界面聚合是最常规的纳滤膜制备方法，由于其反应速率快，成膜时间短，现有以界面聚合过程调控的方法制备的纳滤膜，其高通量和高选择性往往很难兼顾。由于界面聚合是在支撑层表面发生，其结构和化学组成势必会影响纳滤分离层的结构和性能，为此，本项目拟以调节支撑层表面的化学组成为突破口，以改变界面聚合单体与支撑层表面的相互作用来实现对分离层的调控。具体研究内容包括：制备表面含有不同官能团的超滤膜，实现超滤膜表面化学组成的可控调节；以此为活性支撑层，开展支撑层表面与界面聚合单体间化学反应活性、表面荷电性、表面与水相单体哌嗪之间相互作用力强弱等因素对界面聚合过程和界面聚合所形成的聚酰胺分离层结构、化学组成和分离性能影响的研究，归纳并总结出支撑层表面化学组成对界面聚合过程的影响机理和规律；提出并确立通过调节支撑层表面化学组成来制备高通量和高分离选择性纳滤膜的新策略。
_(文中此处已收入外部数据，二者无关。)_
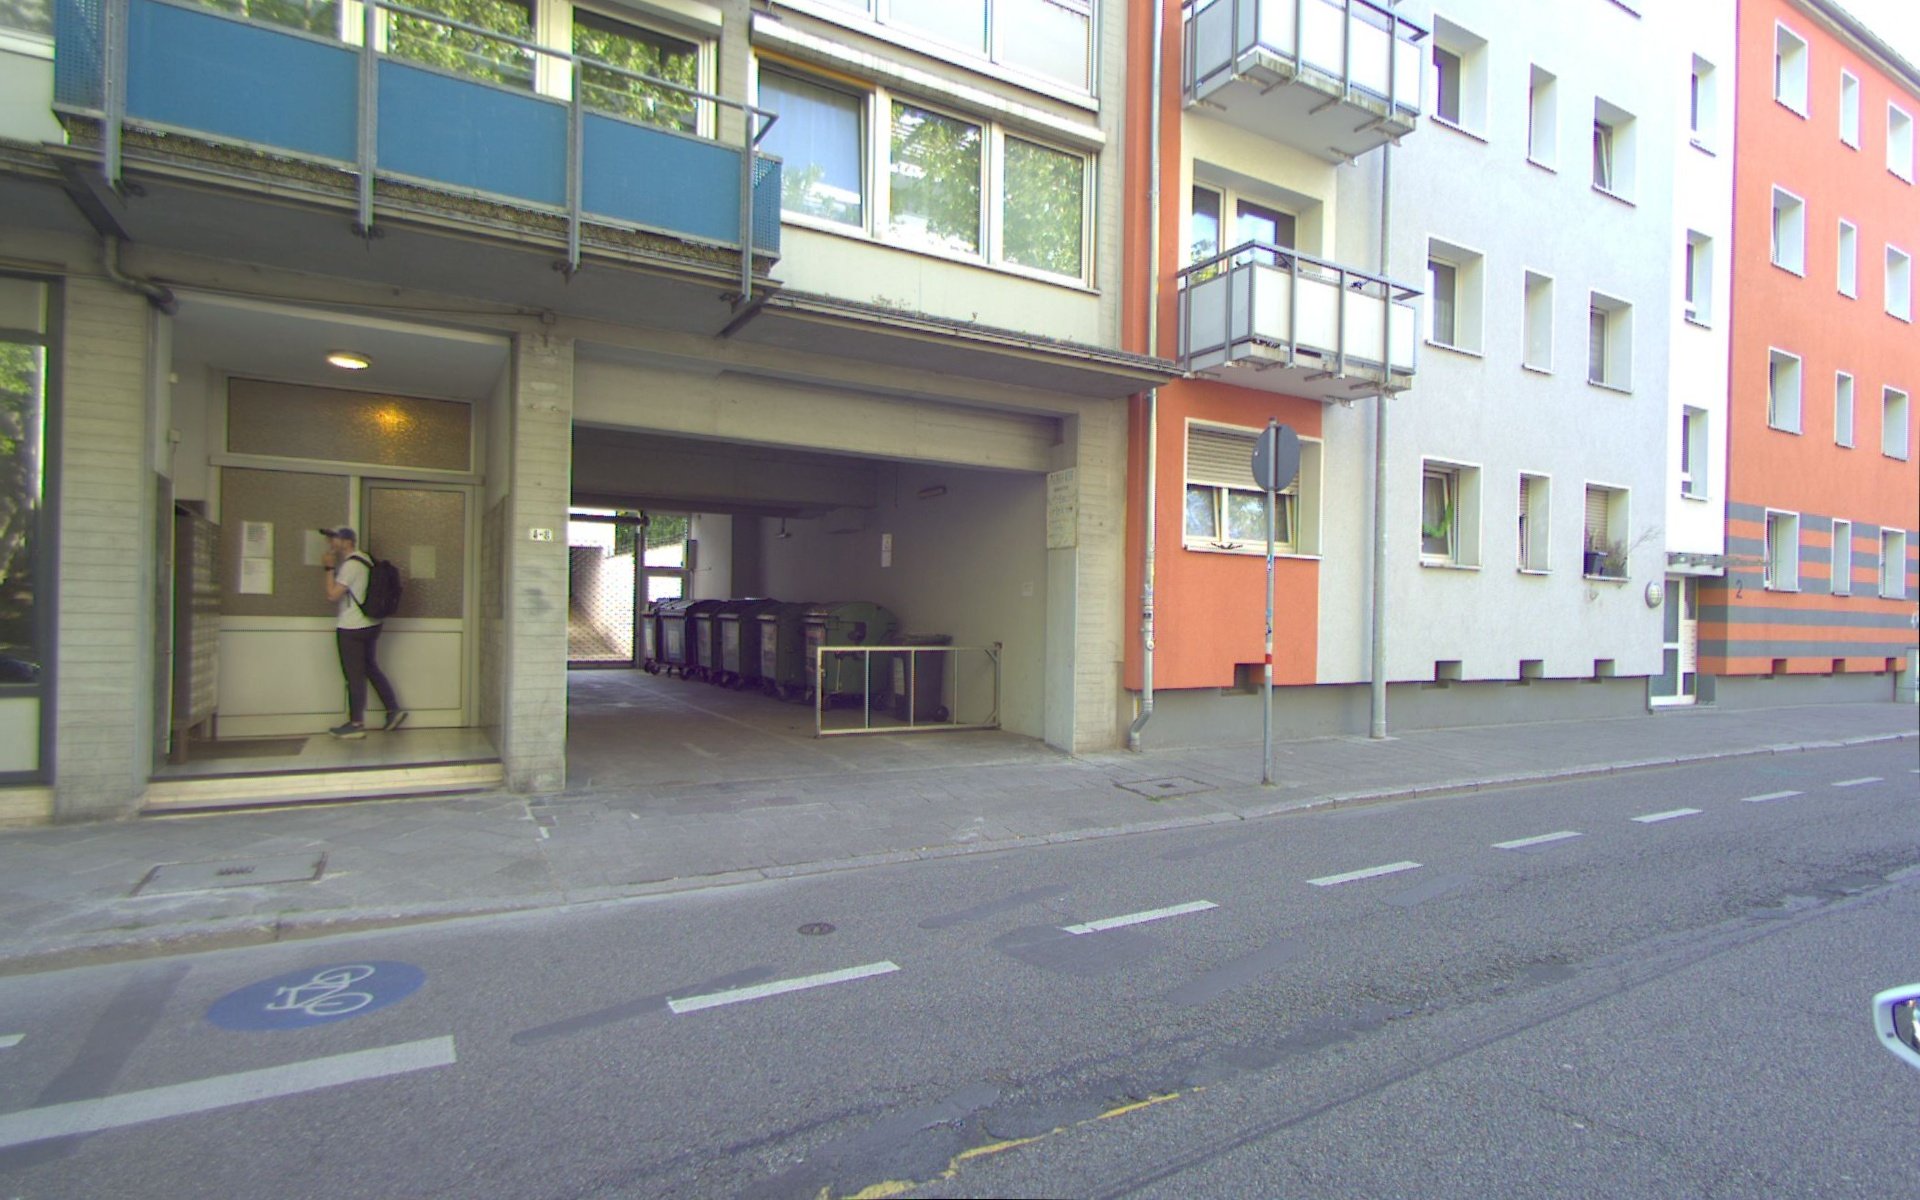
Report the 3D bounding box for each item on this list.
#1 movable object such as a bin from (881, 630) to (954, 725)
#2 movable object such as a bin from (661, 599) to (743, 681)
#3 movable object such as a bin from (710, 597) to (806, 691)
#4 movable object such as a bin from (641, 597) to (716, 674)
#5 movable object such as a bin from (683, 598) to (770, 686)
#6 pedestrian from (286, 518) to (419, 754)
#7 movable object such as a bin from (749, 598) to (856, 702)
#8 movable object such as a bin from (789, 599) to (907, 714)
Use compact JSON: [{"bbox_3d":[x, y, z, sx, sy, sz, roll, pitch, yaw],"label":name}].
[{"bbox_3d":[-0.523,0.947,12.412,0.745,1.116,0.463,2,0,-30],"label":"movable object such as a bin"},{"bbox_3d":[-4.827,0.729,18.755,1.186,1.467,1.222,2,0,-30],"label":"movable object such as a bin"},{"bbox_3d":[-3.357,0.706,16.622,1.186,1.467,1.319,2,0,-30],"label":"movable object such as a bin"},{"bbox_3d":[-5.603,0.693,19.984,1.186,1.467,1.027,2,0,-30],"label":"movable object such as a bin"},{"bbox_3d":[-4.128,0.727,17.713,1.186,1.467,1.114,2,0,-30],"label":"movable object such as a bin"},{"bbox_3d":[-5.180,0.291,8.585,0.572,1.904,0.783,2,0,37],"label":"pedestrian"},{"bbox_3d":[-2.390,0.728,15.138,1.186,1.467,1.319,2,0,-30],"label":"movable object such as a bin"},{"bbox_3d":[-1.550,0.747,13.804,1.159,1.467,1.319,2,0,-30],"label":"movable object such as a bin"}]

Interfacial polymerization is a common method to prepare nanofiltration membrane. During the interfacial polymerization process, the reaction rate is quite high which results to the very fast and uncontrollable selective layer forming. Recently, the polyamide selective layer with proper structure and chemical composition was constructed by tuning the interfacial polymerization process. However, due to the traditional flux-rejection trade-off, it was difficult to prepare a nanofiltration membrane with both high permeability and high selectivity. As the reaction site of the interfacial polymerization, the formation of polyamide selective layer will be influenced by the surface structure and chemical composition of the substrate. Thus, the aim of this project is to systematically research the influence of the surface chemical composition of the substrate on the interfacial polymerization process, the structure and performance of the polyamide selective layer. In details, a series of ultrafiltration membranes whose surface contained certain functional groups will be designed, prepared and used as the active substrates. The structure and property of the formed polyamide selective layer then will be systematically researched after the interfacial polymerization proceeded on the prepared active substrate. The influence mechanisms of the surface reactivity, the surface charge property and the interaction between the surface and the monomer piperazine of the substrate on the interfacial polymerization process, the structure and performance of the formed polyamide selective layer will be concluded after carefully characterization. According to the findings, the preparation method for nanofiltration membranes with high permeability and high selectivity will finally be established. The findings in this project will provide new insights on the role of substrate on the formation of polyamide rejection layer.